After testing the release of the wire net from the helicopter, an enlisted man with one stripe on his uniform says to Col. Calder, "The hook's working fine, sir!", to which Calder replies, "That's good, sergeant!" One stripe is the insignia of a private, not a sergeant.
The General, fearing that the space ship has sunk, points to a body of water on the map and says that the lost astronauts are now "20,000 leagues under the sea." Of course, it's a coy reference to the recent sci-fi flick 20,000 Leagues Under the Sea (and Jules Verne's novel). However, a league is about 3 miles; no ship could sink 60,000 miles under the sea since the earth isn't that large. The Verne title refers to the amount of miles traveled under the sea, not how deep the craft was operating. So the General has made a geographical error while trying to make a hip quip.
The scientists tell the news reporters that bullets have little effect on the creature because it has no heart or lungs, but a network of tubes, and yet when the creature is anesthetized, we see its chest rise and fall in a breathing fashion.
Near the beginning when the spaceship starts to sink, the meteor hole starts to go under water. The next shot is from the inside and the hole is still above the waterline. The next shot is outside and the hole is almost covered with water.
During the fight in the barn the stain on the Colonel's bandage grows from a small spot to two long streaks and then to a large stain covering most of the bandage. But when Marisa Leonardo asks to change the bandage the stain has shrunk to about half the size.
In the sequence where the large military helicopter is searching for the Ymir, there is an aerial shot taken from above the helicopter as it skims over the fields. The helicopter casts a big shadow as it flies, and if you look directly in back of that shadow you can see a smaller shadow trailing it, which is that of a smaller helicopter that is filming the scene.
It is stated that the craft was spotted by radar over Iceland at an altitude of 200, descending at 3,500 feet per minute. It was then tracked again later, still descending at 3,500 feet per minute, and they project the landing position. However, at that rate of descent, it would take 5 hours to fall 200 miles. During that time it would make over 3 orbits of the Earth, so it would not be possible to simply look at a map and point to a landing location.
William Hopper's character, an Air Force Colonel (note clouds and lightning bolts on hat brim) would be wearing a navy blue hat with his tan uniform, not an olive drab Army hat. Also, General's stars and Colonel's eagles would be silver, not gold. (Colorized 50th Anniversary version).

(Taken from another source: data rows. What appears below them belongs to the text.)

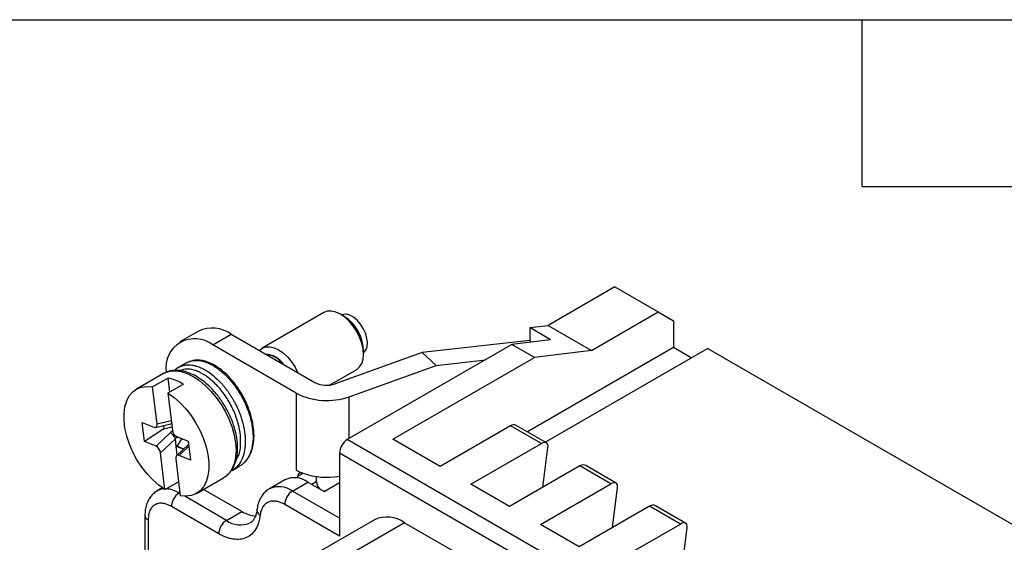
# Model space of a CAD drawing. Header units: millimetres. Extents: x 6 to 273, y 6 to 210.
# Tile 11 of 12: x 205 to 250, y 186 to 210. Entities that reach past the tile are written whole.
import ezdxf

# ---------------------------------------------------------------- set-up
doc = ezdxf.new("R2010")
doc.units = ezdxf.units.MM
doc.linetypes.add('SLD-Solid', pattern=[0])
doc.layers.add('TEXT', color=140, linetype='SLD-Solid', lineweight=25)

msp = doc.modelspace()

# ---------------------------------------------------------------- linework, layer by layer
for p, q in [((232.528, 197.336), (229.488, 195.58)), ((232.528, 197.336), (234.508, 196.193)), ((219.229, 196.166), (216.406, 194.536)), ((220.158, 195.988), (219.979, 196.091)), ((231.468, 194.437), (234.508, 196.193)), ((234.508, 196.193), (235.215, 195.784)), ((228.639, 195.475), (229.488, 195.58)), ((229.594, 194.923), (228.639, 195.475)), ((228.639, 195.475), (228.639, 194.886)), ((229.488, 195.58), (231.468, 194.437)), ((235.215, 195.784), (235.215, 194.56)), ((213.492, 195.321), (212.644, 194.831)), ((214.144, 194.683), (214.992, 195.172)), ((214.992, 195.172), (218.813, 192.967)), ((217.965, 192.477), (214.144, 194.683)), ((227.826, 194.703), (220.295, 190.356)), ((228.639, 194.886), (223.719, 194.339)), ((229.594, 194.923), (227.826, 194.703)), ((228.851, 194.111), (227.826, 194.703)), ((235.215, 194.56), (228.539, 190.705)), ((228.717, 194.814), (228.639, 194.886)), ((229.341, 190.242), (236.761, 194.525)), ((236.018, 194.096), (235.215, 194.56)), ((258.489, 181.981), (236.761, 194.525)), ((223.719, 194.339), (219.74, 192.905)), ((221.039, 194.254), (221.039, 194.462)), ((222.381, 190.376), (228.851, 194.111)), ((223.719, 194.339), (224.354, 193.751)), ((231.468, 194.437), (228.851, 194.111)), ((212.578, 193.641), (212.598, 193.654)), ((212.946, 193.867), (212.593, 193.663)), ((220.376, 192.318), (224.354, 193.751)), ((224.354, 193.751), (226.612, 194.002)), ((211.889, 193.372), (210.652, 192.658)), ((212.103, 193.172), (211.396, 192.764)), ((212.18, 192.529), (212.103, 193.172)), ((219.48, 192.847), (220.729, 193.567)), ((211.598, 191.076), (211.396, 192.764)), ((212.802, 192.888), (212.095, 192.48)), ((212.095, 192.48), (212.297, 190.792)), ((217.965, 192.477), (217.965, 188.966)), ((220.376, 190.402), (220.376, 192.318)), ((210.925, 191.136), (211.45, 190.923)), ((211.029, 190.268), (210.925, 191.136)), ((211.524, 190.914), (212.23, 191.083)), ((211.598, 191.076), (212.245, 191.231)), ((211.895, 191.003), (211.914, 190.844)), ((211.914, 190.844), (212.28, 190.939)), ((212.225, 191.082), (212.262, 191.086)), ((227.755, 190.988), (224.538, 189.131)), ((229.17, 190.172), (227.755, 190.988)), ((229.405, 190.205), (228.02, 191.005)), ((211.914, 190.844), (211.029, 190.268)), ((212.211, 190.675), (211.554, 190.055)), ((212.308, 190.738), (212.211, 190.675)), ((212.431, 190.414), (212.536, 190.482)), ((212.499, 190.497), (213.024, 190.284)), ((211.554, 190.055), (211.029, 190.268)), ((211.756, 189.759), (212.435, 190.4)), ((212.477, 190.045), (212.435, 190.4)), ((212.495, 190.057), (212.477, 190.045)), ((212.525, 189.649), (212.477, 190.045)), ((212.804, 189.913), (212.477, 190.045)), ((213.041, 190.136), (212.49, 189.617)), ((212.725, 190.405), (212.495, 190.057)), ((212.818, 189.926), (212.495, 190.057)), ((212.603, 189.629), (213.051, 190.052)), ((213.024, 190.284), (213.128, 189.416)), ((247.165, 174.844), (220.295, 190.356)), ((224.538, 189.131), (222.381, 190.376)), ((225.952, 188.315), (229.17, 190.172)), ((229.24, 188.172), (229.474, 189.996)), ((211.958, 188.072), (211.756, 189.759)), ((213.128, 189.416), (212.603, 189.629)), ((219.942, 189.743), (219.942, 185.946)), ((246.812, 174.231), (219.942, 189.743)), ((212.455, 189.476), (212.657, 187.788)), ((215.03, 188.95), (215.384, 189.154)), ((230.937, 189.151), (227.72, 187.294)), ((232.352, 188.335), (230.937, 189.151)), ((232.587, 188.368), (231.202, 189.168)), ((217.965, 188.966), (218.245, 188.804)), ((218.033, 188.681), (218.274, 188.82)), ((218.033, 188.596), (218.033, 188.681)), ((218.245, 188.804), (218.273, 188.82)), ((218.881, 188.668), (218.881, 188.436)), ((211.958, 188.072), (212.58, 188.431)), ((213.401, 187.894), (214.639, 188.609)), ((217.444, 188.519), (216.737, 188.111)), ((217.787, 188.007), (218.494, 188.415)), ((218.494, 188.415), (219.235, 187.987)), ((218.669, 188.314), (218.881, 188.436)), ((219.235, 187.987), (219.942, 188.396)), ((227.72, 187.294), (225.952, 188.315)), ((229.134, 186.478), (232.352, 188.335)), ((211.839, 188.149), (211.606, 188.014)), ((212.606, 187.915), (212.639, 187.935)), ((212.644, 187.893), (212.606, 187.915)), ((214.769, 186.666), (212.865, 187.766)), ((215.476, 187.075), (213.729, 188.083)), ((219.942, 186.763), (217.787, 188.007)), ((232.422, 186.335), (232.656, 188.159)), ((214.416, 186.054), (212.252, 187.303)), ((219.942, 185.946), (217.434, 187.394)), ((234.119, 187.314), (230.902, 185.457)), ((235.533, 186.498), (234.119, 187.314)), ((235.769, 186.531), (234.384, 187.331)), ((211.045, 186.895), (211.045, 179.291)), ((214.769, 186.666), (215.476, 187.075)), ((211.191, 186.691), (211.191, 179.974)), ((221.537, 186.695), (211.885, 181.123)), ((222.912, 186.559), (213.26, 180.987)), ((222.912, 186.559), (225.634, 184.987)), ((230.902, 185.457), (229.134, 186.478)), ((232.316, 184.641), (235.533, 186.498)), ((235.604, 184.498), (235.838, 186.322))]:
    msp.add_line(p, q)
at = {"flags": 128}
for points in [[(220.729, 193.567), (220.729, 193.568), (220.86, 193.677), (220.958, 193.832), (221.019, 194.027), (221.039, 194.254), (221.019, 194.505), (220.958, 194.77), (220.86, 195.038), (220.729, 195.3), (220.568, 195.545), (220.384, 195.764), (220.185, 195.948), (219.979, 196.091), (219.772, 196.187), (219.573, 196.232), (219.389, 196.225), (219.229, 196.166)], [(221.039, 194.326), (221.053, 194.337), (221.146, 194.448), (221.203, 194.601), (221.219, 194.788), (221.194, 194.997), (221.129, 195.217), (221.028, 195.434), (220.898, 195.636), (220.745, 195.811), (220.578, 195.949), (220.408, 196.042)], [(216.277, 194.43), (216.406, 194.536), (216.567, 194.596), (216.75, 194.603), (216.949, 194.558), (217.156, 194.462), (217.363, 194.319), (217.562, 194.134), (217.745, 193.915), (217.906, 193.67), (218.034, 193.416)], [(216.587, 194.252), (216.668, 194.246), (216.849, 194.196)], [(211.889, 193.372), (211.984, 193.42), (212.205, 193.485), (212.448, 193.5), (212.707, 193.463), (212.978, 193.376), (213.255, 193.241), (213.532, 193.06), (213.803, 192.836), (214.064, 192.575), (214.308, 192.282), (214.531, 191.963), (214.728, 191.624), (214.895, 191.271), (215.029, 190.913), (215.127, 190.557), (215.187, 190.21), (215.208, 189.878), (215.19, 189.569), (215.132, 189.289), (215.036, 189.044), (214.905, 188.838), (214.739, 188.676), (214.639, 188.609)], [(211.958, 188.072), (211.675, 188.27), (211.401, 188.511), (211.139, 188.79), (210.897, 189.1), (210.678, 189.436), (210.489, 189.789), (210.332, 190.153), (210.211, 190.519), (210.129, 190.88), (210.087, 191.229), (210.087, 191.557), (210.128, 191.857), (210.209, 192.124), (210.329, 192.352), (210.486, 192.535), (210.675, 192.671), (210.893, 192.755), (211.135, 192.786), (211.396, 192.764)], [(212.095, 192.48), (212.378, 192.282), (212.652, 192.041), (212.914, 191.762), (213.156, 191.452), (213.374, 191.116), (213.564, 190.763), (213.721, 190.399), (213.842, 190.033), (213.924, 189.672), (213.966, 189.323), (213.966, 188.995), (213.925, 188.695), (213.844, 188.428), (213.723, 188.2), (213.567, 188.017), (213.378, 187.881), (213.16, 187.797), (212.918, 187.766), (212.657, 187.788)]]:
    msp.add_lwpolyline(points, dxfattribs=at)
for centre, radius, start, end in [((220.209, 195.638), 0.45, 63.8182, 112.0041), ((219.133, 194.379), 1.908, 2.4944, 57.5002), ((214.115, 193.962), 1.495, 54.0761, 114.6134), ((213.321, 193.657), 1.314, 51.2809, 188.7298), ((216.471, 193.152), 1.121, 34.3011, 85.7043), ((216.265, 192.896), 1.426, 39.4954, 65.8313), ((211.697, 191.168), 2.045, 57.2736, 78.5476), ((219.348, 194.013), 1.175, 242.9365, 289.5178), ((219.355, 195.198), 3.056, 242.9365, 289.5178), ((220.709, 189.708), 0.768, 122.6055, 177.3945), ((219.019, 190.808), 2.122, 240.2241, 249.4486), ((218.162, 188.702), 0.131, 50.7967, 189.214), ((219.349, 191.843), 3.208, 250.4155, 280.6546), ((217.173, 187.157), 1.048, 54.14, 114.6232), ((217.883, 187.596), 1.021, 53.2493, 115.4403), ((219.344, 188.458), 0.463, 182.6804, 236.1266), ((211.959, 187.389), 0.718, 94.3693, 119.2501), ((211.922, 186.816), 1.295, 58.1311, 85.7139), ((213.02, 187.268), 0.768, 122.6055, 177.3945), ((218.201, 187.359), 0.768, 122.6055, 177.3945), ((219.235, 188.167), 0.156, 244.9274, 295.0726), ((211.284, 186.912), 0.24, 184.0419, 247.2624), ((216.235, 188.303), 1.443, 238.3053, 265.3036), ((216.459, 187.147), 0.292, 178.221, 239.4268), ((215.183, 186.019), 0.768, 122.6055, 177.3945), ((215.413, 187.552), 1.095, 233.9876, 294.276), ((222.108, 185.449), 1.37, 54.0761, 114.6134)]:
    msp.add_arc(centre, radius, start, end)
for centre, major_axis, ratio, start_param, end_param in [((211.423, 191.147), (-0.122, 0.225), 0.570975, 2.536226, 4.107023), ((212.182, 191.329), (-0.043, 0.247), 0.598498, 3.179648, 3.39861), ((227.804, 190.552), (0.189, 0.466), 0.649816, 6.193125, 6.978442), ((212.282, 190.492), (-0.155, 0.197), 0.345913, 4.05387, 5.557629), ((212.472, 190.721), (-0.122, 0.225), 0.570975, 0.96543, 2.536226), ((211.581, 189.83), (-0.122, 0.225), 0.570975, 4.107023, 5.677819), ((211.626, 189.873), (0.801, 0.548), 0.207825, 6.175196, 6.242234), ((229.121, 189.792), (0.295, 0.406), 0.493605, 5.549773, 7.120569), ((212.63, 189.405), (-0.122, 0.225), 0.570975, 5.677819, 7.248615), ((230.986, 188.715), (0.189, 0.466), 0.649816, 6.193125, 6.978442), ((232.303, 187.955), (0.295, 0.406), 0.493605, 5.549773, 7.120569), ((234.168, 186.878), (0.189, 0.466), 0.649816, 6.193125, 6.978442), ((235.485, 186.118), (0.295, 0.406), 0.493605, 5.549773, 7.120569)]:
    msp.add_ellipse(centre, major_axis=major_axis, ratio=ratio, start_param=start_param, end_param=end_param)
for points, knots in [([(212.593, 193.663), (212.529, 193.626), (212.461, 193.587), (212.412, 193.523), (212.409, 193.519)], [0, 0, 0, 0, 0.92879, 1, 1, 1, 1]), ([(212.598, 193.654), (212.617, 193.669), (212.661, 193.703), (212.744, 193.731), (212.833, 193.756), (212.928, 193.771), (213.026, 193.776), (213.128, 193.772), (213.226, 193.76), (213.336, 193.737), (213.442, 193.706), (213.556, 193.663), (213.664, 193.614), (213.787, 193.55), (213.989, 193.426), (214.264, 193.213), (214.515, 192.958), (214.678, 192.763), (214.765, 192.653), (214.848, 192.539), (214.929, 192.421), (215.007, 192.3), (215.081, 192.175), (215.129, 192.088), (215.165, 192.02), (215.209, 191.936), (215.269, 191.809), (215.338, 191.651), (215.401, 191.491), (215.465, 191.304), (215.553, 190.996), (215.627, 190.611), (215.631, 190.323), (215.633, 190.194)], [0, 0, 0, 0, 0.021641, 0.048302, 0.074962, 0.101621, 0.128279, 0.154936, 0.181592, 0.202518, 0.236944, 0.259225, 0.284881, 0.313913, 0.346319, 0.427449, 0.508576, 0.531787, 0.554998, 0.578209, 0.601419, 0.624629, 0.647839, 0.671049, 0.672693, 0.684623, 0.71685, 0.739961, 0.767735, 0.80017, 0.837267, 0.927192, 1, 1, 1, 1]), ([(212.947, 193.865), (212.959, 193.873), (212.981, 193.886), (213.031, 193.91), (213.098, 193.937), (213.19, 193.961), (213.286, 193.976), (213.386, 193.981), (213.49, 193.976), (213.667, 193.951), (213.928, 193.871), (214.227, 193.709), (214.466, 193.535), (214.634, 193.391), (214.766, 193.264), (214.868, 193.156), (214.968, 193.044), (215.076, 192.914), (215.192, 192.758), (215.303, 192.596), (215.408, 192.427), (215.478, 192.302), (215.52, 192.222), (215.538, 192.186), (215.584, 192.095), (215.665, 191.923), (215.777, 191.642), (215.867, 191.35), (215.926, 191.088), (215.96, 190.887), (215.979, 190.707), (215.988, 190.545), (215.987, 190.445), (215.986, 190.398)], [0, 0, 0, 0, 0.013084, 0.021693, 0.048744, 0.075794, 0.102845, 0.129896, 0.156948, 0.184, 0.265048, 0.346099, 0.394132, 0.434297, 0.466589, 0.491006, 0.511307, 0.543234, 0.575162, 0.60709, 0.639019, 0.670949, 0.675851, 0.68238, 0.690537, 0.724761, 0.773613, 0.837078, 0.875161, 0.910495, 0.94308, 0.972915, 1, 1, 1, 1]), ([(215.547, 189.276), (215.56, 189.285), (215.63, 189.335), (215.721, 189.451), (215.818, 189.599), (215.91, 189.788), (215.994, 190.052), (216.04, 190.427), (216.024, 190.85), (215.946, 191.293), (215.812, 191.736), (215.63, 192.161), (215.412, 192.555), (215.158, 192.917), (214.873, 193.249), (214.561, 193.534), (214.251, 193.749), (213.998, 193.873), (213.773, 193.951), (213.542, 193.992), (213.346, 194.007), (213.248, 193.971), (213.235, 193.966)], [0, 0, 0, 0, 0.009754, 0.052368, 0.086041, 0.112378, 0.17016, 0.234851, 0.299805, 0.365233, 0.429522, 0.491739, 0.552413, 0.611445, 0.672847, 0.737547, 0.800164, 0.854134, 0.885101, 0.930723, 0.990544, 1, 1, 1, 1]), ([(214.665, 188.631), (214.675, 188.64), (214.766, 188.718), (214.957, 188.845), (215.116, 189.123), (215.211, 189.383), (215.265, 189.646), (215.29, 189.943), (215.267, 190.332), (215.181, 190.78), (215.023, 191.257), (214.802, 191.729), (214.529, 192.171), (214.219, 192.565), (213.889, 192.896), (213.554, 193.155), (213.234, 193.34), (212.952, 193.451), (212.732, 193.503), (212.545, 193.524), (212.356, 193.523), (212.124, 193.486), (211.973, 193.412), (211.89, 193.372)], [0, 0, 0, 0, 0.007252, 0.064564, 0.121943, 0.165998, 0.196904, 0.243971, 0.297389, 0.357381, 0.420084, 0.482062, 0.543399, 0.604174, 0.663079, 0.718935, 0.771783, 0.818984, 0.856271, 0.878842, 0.910289, 0.950675, 1, 1, 1, 1]), ([(215.218, 189.437), (215.259, 189.505), (215.372, 189.693), (215.433, 190.121), (215.41, 190.679), (215.266, 191.288), (215.015, 191.891), (214.678, 192.444), (214.279, 192.918), (213.84, 193.289), (213.396, 193.519), (212.98, 193.607), (212.756, 193.542), (212.645, 193.51)], [0, 0, 0, 0, 0.052314, 0.146086, 0.239858, 0.33688, 0.433902, 0.527673, 0.621445, 0.718467, 0.815489, 0.909261, 1, 1, 1, 1]), ([(215.633, 190.194), (215.621, 190.052), (215.599, 189.776), (215.475, 189.424), (215.316, 189.18), (215.172, 189.045), (215.095, 188.991), (215.061, 188.969), (215.045, 188.959), (215.035, 188.953), (215.03, 188.95)], [0, 0, 0, 0, 0.253178, 0.494106, 0.748887, 0.891729, 0.954606, 0.971076, 0.987545, 1, 1, 1, 1]), ([(215.986, 190.398), (215.975, 190.256), (215.953, 189.98), (215.86, 189.718), (215.773, 189.549), (215.697, 189.43), (215.591, 189.307), (215.481, 189.215), (215.412, 189.17), (215.386, 189.155), (215.384, 189.154)], [0, 0, 0, 0, 0.25311, 0.493962, 0.557121, 0.659494, 0.803862, 0.928293, 0.994781, 1, 1, 1, 1]), ([(211.611, 188.014), (211.6, 188.009), (211.522, 187.973), (211.4, 187.865), (211.256, 187.695), (211.15, 187.493), (211.078, 187.266), (211.048, 187.062), (211.046, 186.935), (211.045, 186.895)], [0, 0, 0, 0, 0.027534, 0.20068, 0.371683, 0.545023, 0.724871, 0.913459, 1, 1, 1, 1]), ([(216.736, 188.109), (216.735, 188.109), (216.664, 188.078), (216.547, 187.976), (216.395, 187.808), (216.281, 187.606), (216.203, 187.388), (216.179, 187.231), (216.167, 187.156)], [0, 0, 0, 0, 0.003457, 0.203978, 0.40182, 0.601798, 0.808661, 1, 1, 1, 1]), ([(212.252, 187.303), (212.225, 187.318), (212.172, 187.347), (212.092, 187.382), (212.014, 187.411), (211.937, 187.431), (211.819, 187.451), (211.665, 187.448), (211.497, 187.386), (211.359, 187.271), (211.272, 187.126), (211.222, 186.978), (211.196, 186.842), (211.193, 186.741), (211.191, 186.691)], [0, 0, 0, 0, 0.048276, 0.096156, 0.143917, 0.191836, 0.240185, 0.370002, 0.500048, 0.629865, 0.759911, 0.840103, 0.919704, 1, 1, 1, 1]), ([(217.434, 187.394), (217.407, 187.409), (217.354, 187.438), (217.276, 187.474), (217.198, 187.503), (217.121, 187.525), (217.004, 187.549), (216.851, 187.553), (216.68, 187.507), (216.534, 187.413), (216.434, 187.288), (216.371, 187.157), (216.331, 187.034), (216.317, 186.942), (216.311, 186.896)], [0, 0, 0, 0, 0.048544, 0.096748, 0.14485, 0.19309, 0.241704, 0.37076, 0.500042, 0.629098, 0.758379, 0.839056, 0.919226, 1, 1, 1, 1]), ([(216.311, 186.896), (216.306, 186.856), (216.295, 186.777), (216.272, 186.665), (216.242, 186.558), (216.207, 186.457), (216.165, 186.362), (216.082, 186.208), (215.934, 186.023), (215.688, 185.863), (215.399, 185.785), (215.114, 185.794), (214.858, 185.853), (214.638, 185.934), (214.49, 186.014), (214.416, 186.054)], [0, 0, 0, 0, 0.040498, 0.080728, 0.120826, 0.160931, 0.201182, 0.241717, 0.370817, 0.50005, 0.62915, 0.758384, 0.839079, 0.919247, 1, 1, 1, 1]), ([(216.169, 187.17), (216.164, 187.133), (216.151, 187.027), (216.11, 186.876), (216.047, 186.735), (215.969, 186.634), (215.913, 186.578), (215.871, 186.561), (215.864, 186.558)], [0, 0, 0, 0, 0.106352, 0.309655, 0.513911, 0.72427, 0.951692, 1, 1, 1, 1])]:
    msp.add_open_spline(points, degree=3, knots=knots)
at = {"layer": 'TEXT'}
for p, q in [((6.35, 209.55), (273.05, 209.55)), ((243.84, 201.93), (243.84, 209.55)), ((243.84, 201.93), (251.46, 201.93))]:
    msp.add_line(p, q, dxfattribs=at)

doc.saveas('drawing.dxf')

The rate of descent by the space craft that is talked about at the beginning of the film is 3500 feet per minute. That is less then 60 mph. No object reentering the atmosphere from "space" could move so slow. Reentry speeds are measured in the thousands of miles per hour.
During the fight between the Ymir and the elephant, there is a tight shot of three men hiding behind a pillar of the viaduct. When the two animals get close, the turn and flee, one of them falling backwards, and another tripping over him. In a wider shot scene a few seconds later we see the same pillar, the same men run up to it, hide and watch the fight as before then turn and run, as before, tripping over each other. It's then same shot used two times closer/farther perspectives.